▶ _Task description_
Look through the data below. Show each line where the string "Borders" occurs.
*** Opening Records for this task ***
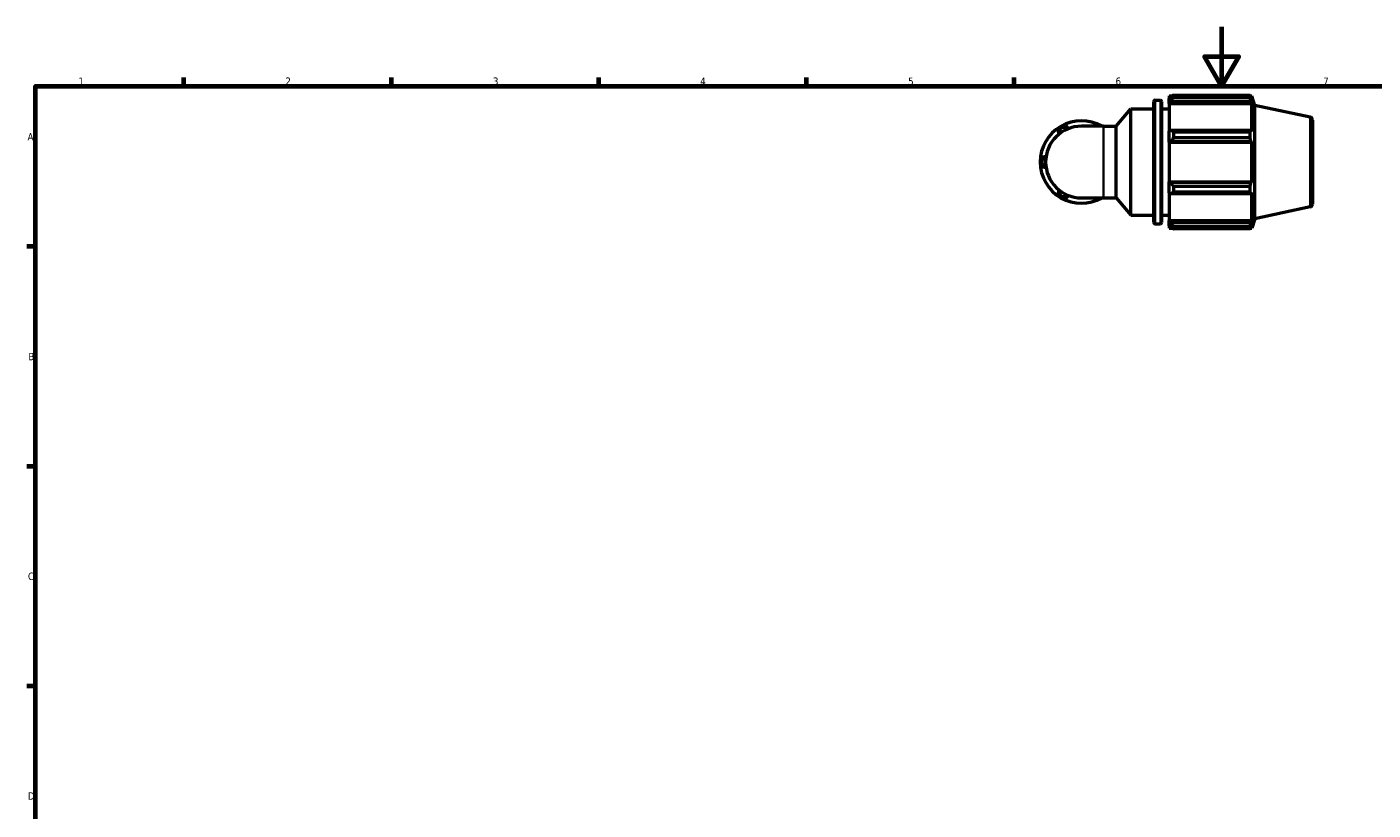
# Model space of a CAD drawing. Header units: millimetres. Extents: x 0 to 931, y 0 to 899.
# Tile 2 of 5: x 17 to 472, y 329 to 594. Entities that reach past the tile are written whole.
import ezdxf

# ---------------------------------------------------------------- set-up
doc = ezdxf.new("R2010")
doc.units = ezdxf.units.MM
for name, color, linetype, lineweight in [('Border (ISO)', 7, 'Continuous', 70), ('Visible (ISO)', 7, 'Continuous', 50), ('Visible Narrow (ISO)', 7, 'Continuous', 35)]:
    doc.layers.add(name, color=color, linetype=linetype, lineweight=lineweight)
doc.styles.add('Note Text (ISO)', font='tahoma.ttf')

# ---------------------------------------------------------------- blocks, each defined once
blk = doc.blocks.new('Borders Default Border')
at = {"layer": 'Border (ISO)'}
for p, q in [((70.08, 574), (70.08, 576.9)), ((140.17, 574), (140.17, 576.9)), ((210.25, 574), (210.25, 576.9)), ((280.33, 574), (280.33, 576.9)), ((350.42, 574), (350.42, 576.9)), ((20, 519.75), (17.1, 519.75)), ((20, 445.5), (17.1, 445.5)), ((20, 371.25), (17.1, 371.25))]:
    blk.add_line(p, q, dxfattribs=at)
at = {"layer": 'Border (ISO)', "flags": 128}
for points in [[(420.5, 594), (420.5, 574), (414.73, 584), (426.27, 584), (420.5, 574)], [(20, 20), (20, 574), (821, 574), (821, 20), (20, 20)]]:
    blk.add_lwpolyline(points, dxfattribs=at)
at = {"layer": 'Border (ISO)', "color": 232, "true_color": 0xca0064, "char_height": 2.5, "attachment_point": 7, "style": 'Note Text (ISO)'}
for s, insert in [('1', (34.48, 574.4)), ('2', (104.37, 574.4)), ('3', (174.43, 574.35)), ('4', (244.42, 574.4)), ('5', (314.64, 574.35)), ('6', (384.66, 574.35)), ('7', (454.77, 574.4)), ('A', (17.29, 555.62)), ('B', (17.59, 481.37)), ('C', (17.43, 407.08)), ('D', (17.43, 332.88))]:
    blk.add_mtext(s, dxfattribs=dict(at, insert=insert))

msp = doc.modelspace()

# ---------------------------------------------------------------- linework, layer by layer
at = {"layer": 'Visible (ISO)'}
for p, q in [((397.61, 527.861), (397.61, 568.821)), ((398.01, 569.221), (399.81, 569.221)), ((400.21, 568.821), (400.21, 527.861)), ((402.81, 570.661), (402.81, 569.856)), ((402.81, 570.661), (403.831, 570.661)), ((403.29, 570.314), (402.81, 569.856)), ((402.81, 568.352), (402.81, 569.856)), ((402.81, 568.352), (403.29, 568.777)), ((402.81, 568.139), (402.81, 568.352)), ((403.29, 568.777), (430.404, 568.777)), ((404.25, 570.923), (404.25, 570.055)), ((404.25, 570.923), (430.092, 570.923)), ((430.092, 570.055), (404.25, 570.055)), ((430.092, 570.055), (430.092, 570.923)), ((430.228, 570.661), (430.638, 570.661)), ((430.638, 569.628), (430.404, 570.314)), ((430.404, 568.777), (430.638, 568.139)), ((430.638, 569.628), (430.638, 570.661)), ((431.67, 567.485), (430.638, 570.661)), ((384.868, 560.451), (389.81, 566.341)), ((389.81, 530.341), (389.81, 566.341)), ((389.81, 566.341), (397.61, 566.341)), ((400.21, 566.341), (402.81, 566.341)), ((402.81, 568.139), (402.81, 558.758)), ((402.81, 568.139), (430.638, 568.139)), ((430.638, 558.647), (430.638, 568.139)), ((431.67, 529.196), (431.67, 567.485)), ((450.378, 563.509), (431.67, 567.485)), ((380.622, 560.451), (373.17, 560.451)), ((380.622, 560.451), (384.868, 560.451)), ((384.868, 536.23), (384.868, 560.451)), ((451.17, 562.531), (451.17, 534.15)), ((403.29, 558.979), (402.81, 558.758)), ((402.81, 555.125), (402.81, 558.758)), ((402.81, 555.125), (403.29, 555.269)), ((402.81, 555.052), (402.81, 555.125)), ((402.81, 555.052), (402.81, 541.629)), ((402.81, 555.052), (430.638, 555.052)), ((430.404, 558.979), (403.29, 558.979)), ((403.29, 555.269), (430.404, 555.269)), ((404.25, 558.562), (404.25, 556.467)), ((404.25, 558.562), (430.092, 558.562)), ((430.092, 556.467), (404.25, 556.467)), ((430.092, 556.467), (430.092, 558.562)), ((430.638, 558.647), (430.404, 558.979)), ((430.404, 555.269), (430.638, 555.052)), ((430.638, 541.629), (430.638, 555.052)), ((402.81, 541.557), (402.81, 541.629)), ((402.81, 541.629), (430.638, 541.629)), ((402.81, 537.924), (402.81, 541.557)), ((403.29, 541.412), (402.81, 541.557)), ((430.404, 541.412), (403.29, 541.412)), ((430.638, 541.629), (430.404, 541.412)), ((402.81, 537.924), (403.29, 537.702)), ((402.81, 537.924), (402.81, 528.543)), ((403.29, 537.702), (430.404, 537.702)), ((404.25, 540.214), (404.25, 538.119)), ((404.25, 540.214), (430.092, 540.214)), ((430.092, 538.119), (404.25, 538.119)), ((430.092, 538.119), (430.092, 540.214)), ((430.404, 537.702), (430.638, 538.034)), ((430.638, 528.543), (430.638, 538.034)), ((373.17, 536.23), (380.622, 536.23)), ((380.622, 536.23), (384.868, 536.23)), ((384.868, 536.23), (389.81, 530.341)), ((450.378, 533.172), (431.67, 529.196)), ((389.81, 530.341), (397.61, 530.341)), ((398.01, 527.461), (399.81, 527.461)), ((400.21, 530.341), (402.81, 530.341)), ((402.81, 528.33), (402.81, 528.543)), ((402.81, 528.543), (430.638, 528.543)), ((402.81, 526.825), (402.81, 528.33)), ((403.29, 527.904), (402.81, 528.33)), ((430.404, 527.904), (403.29, 527.904)), ((430.638, 528.543), (430.404, 527.904)), ((431.67, 529.196), (430.638, 526.021)), ((402.81, 526.825), (403.29, 526.367)), ((402.81, 526.825), (402.81, 526.021)), ((402.81, 526.021), (403.831, 526.021)), ((404.25, 526.626), (404.25, 525.758)), ((404.25, 526.626), (430.092, 526.626)), ((430.092, 525.758), (404.25, 525.758)), ((430.092, 525.758), (430.092, 526.626)), ((430.228, 526.021), (430.638, 526.021)), ((430.404, 526.367), (430.638, 527.054)), ((430.638, 526.021), (430.638, 527.054))]:
    msp.add_line(p, q, dxfattribs=at)
for centre, radius, start, end in [((398.01, 568.821), 0.4, 90, 180), ((399.81, 568.821), 0.4, 0, 90), ((373.17, 548.341), 13.927, 120, 180), ((373.17, 548.341), 12.11, 90, 270), ((367.115, 558.828), 1.817, 25.69878, 214.30122), ((373.17, 548.341), 13.927, 60.40815, 120), ((379.225, 558.828), 1.817, 63.27356, 116.72644), ((450.17, 562.531), 1, 0, 78), ((361.06, 548.341), 1.817, 85.69878, 274.30122), ((373.17, 548.341), 13.927, 180, 240), ((367.115, 537.853), 1.817, 145.69878, 334.30122), ((373.17, 548.341), 13.927, 240, 299.59185), ((379.225, 537.853), 1.817, 243.27356, 296.72644), ((450.17, 534.15), 1, 282, 0), ((398.01, 527.861), 0.4, 180, 270), ((399.81, 527.861), 0.4, 270, 0)]:
    msp.add_arc(centre, radius, start, end, dxfattribs=at)
for points, weights in [([(404.25, 570.923), (403.751, 570.612), (403.29, 570.314)], [1.01861138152, 1.01312379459, 1.00684318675]), ([(403.29, 568.777), (403.751, 569.403), (404.25, 570.055)], [1.00684318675, 1.01312379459, 1.01861138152]), ([(430.092, 570.923), (430.254, 570.612), (430.404, 570.314)], [1, 1.00257150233, 1.00432908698]), ([(430.404, 568.777), (430.254, 569.403), (430.092, 570.055)], [1.00432908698, 1.00257150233, 1]), ([(404.25, 558.562), (403.751, 558.775), (403.29, 558.979)], [1.01861138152, 1.01312379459, 1.00684318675]), ([(403.29, 555.269), (403.751, 555.856), (404.25, 556.467)], [1.00684318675, 1.01312379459, 1.01861138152]), ([(430.092, 558.562), (430.254, 558.775), (430.404, 558.979)], [1, 1.00257150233, 1.00432908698]), ([(430.404, 555.269), (430.254, 555.856), (430.092, 556.467)], [1.00432908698, 1.00257150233, 1]), ([(404.25, 540.214), (403.751, 540.825), (403.29, 541.412)], [1.01861138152, 1.01312379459, 1.00684318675]), ([(430.092, 540.214), (430.254, 540.825), (430.404, 541.412)], [1, 1.00257150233, 1.00432908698]), ([(403.29, 537.702), (403.751, 537.906), (404.25, 538.119)], [1.00684318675, 1.01312379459, 1.01861138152]), ([(430.404, 537.702), (430.254, 537.906), (430.092, 538.119)], [1.00432908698, 1.00257150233, 1]), ([(404.25, 526.626), (403.751, 527.278), (403.29, 527.904)], [1.01861138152, 1.01312379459, 1.00684318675]), ([(430.092, 526.626), (430.254, 527.278), (430.404, 527.904)], [1, 1.00257150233, 1.00432908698]), ([(403.29, 526.367), (403.751, 526.069), (404.25, 525.758)], [1.00684318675, 1.01312379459, 1.01861138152]), ([(430.404, 526.367), (430.254, 526.069), (430.092, 525.758)], [1.00432908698, 1.00257150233, 1])]:
    msp.add_rational_spline(points, weights, degree=2, dxfattribs=at)
at = {"layer": 'Visible Narrow (ISO)'}
for p, q in [((398.01, 568.964), (398.01, 527.718)), ((399.81, 527.718), (399.81, 568.964)), ((380.622, 536.38), (380.622, 560.302)), ((450.378, 533.359), (450.378, 563.322))]:
    msp.add_line(p, q, dxfattribs=at)
for centre, start, end in [((367.115, 558.828), 36.67874, 203.32126), ((361.06, 548.341), 96.67874, 263.32126), ((367.115, 537.853), 156.67874, 323.32126)]:
    msp.add_arc(centre, 1.09, start, end, dxfattribs=at)

# ---------------------------------------------------------------- block references
msp.add_blockref('Borders Default Border', (0, 0))

doc.saveas('drawing.dxf')
*** Closing Records for this task ***
▶ _Task result_
blk = doc.blocks.new('Borders Default Border')
msp.add_blockref('Borders Default Border', (0, 0))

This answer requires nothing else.